Heather M. Moulden, Ph.D.
Forensic Program
St. Joseph's Healthcare
Hamilton, Ontario, Canada
E: hmoulden@stjoes.ca
P: (905) 522-1155 ext. 35539
International members survey 2018 part 2: Practitioners attitudes to and understandings of community integration
Kieran McCartan, Kasia Uzieblo, and Wineke J. Smid


In Part 1 of this 2-part piece we focused on practitioners’ experiences of working in the field of sexual abuse. In this article we are going to focus on ATSA international members’ understandings and attitudes about the community integration of people convicted of a sexual offence. The article will focus on participants’ understandings of public attitudes, community management policies, and the prevention of sexual abuse. For a discussion of the context of the research, please see Part 1.

Aims, methods, and analysis

The research focused on professionals’ attitudes to working in the field of sexual abuse and the related policies, practices, and outcomes. The research was conducted through a mixed methods online survey. The sampling frame was a purposive and opportunity sample of ATSA international members (i.e., those not from the USA), and resulted in 74 respondents, 25% of the ATSA international base and 3% of the organisation’s overall membership in the year ending 2018. Respondents represented 16 countries and worked in various professions and settings. For a full explanation of the aims, methods, and analysis, please see Part 1.

Main findings


Across all the countries, every participant felt that the public and the media had a poor understanding of the reality of sexual abuse, who victims of sexual abuse were, and who the people who perpetrated sexual abuse are.

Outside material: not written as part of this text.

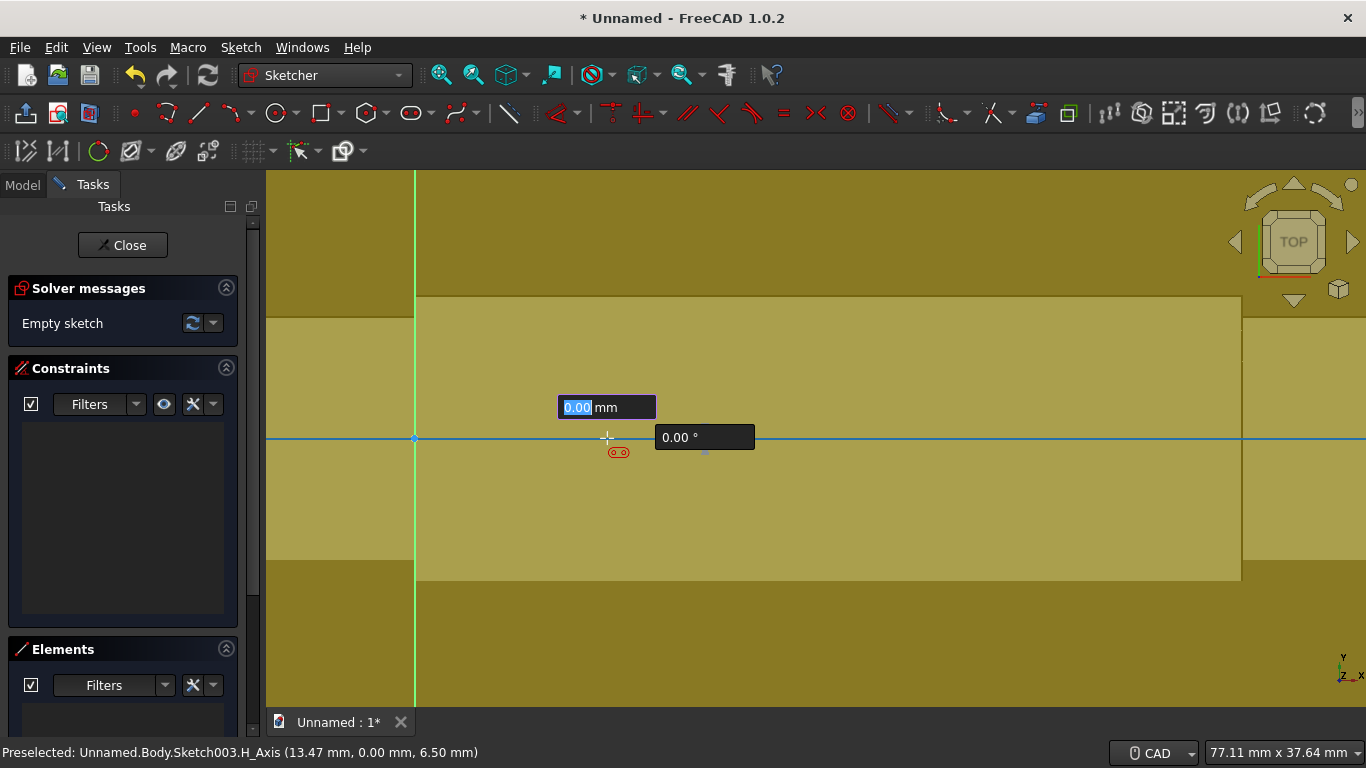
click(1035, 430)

“All kinds of prejudice, monsters etc...public discussion is always highly polemic and emotional.” (Germany)

“As monsters, as untreatable, as persistent dangerous.” (Switzerland)

“Mixed, generally a lack of knowledge around risk, re-offending rates, treatment needs and re-integration needs.” (New Zealand)

“A lot of attention is drawn to big cases that are broadly discussed in the public. This         results in strong opinions on sex offenders in general. There is a big difference with how    people deal with sexual abuse when it occurs nearby.” (Belgium)

“Driven by political agendas of "tough on crime" and moral panic often driven by media   reporting.” (Australia)

The participants viewed the public’s and media’s understanding of sexual abuse to be interrelated and co-dependent.

“Depending on the medium. Serious media occasionally brings a balanced picture, but often the media brings the popular and inflammatory picture.” (Netherlands)

“Some consider them having committed heinous crimes, but there has been more public education about sexual crimes, treatment services and base rates of offending recently.” (Singapore)

"People do not like these types of offenders, however when given more information, often attitudes and emotional reactions shift.” (Canada)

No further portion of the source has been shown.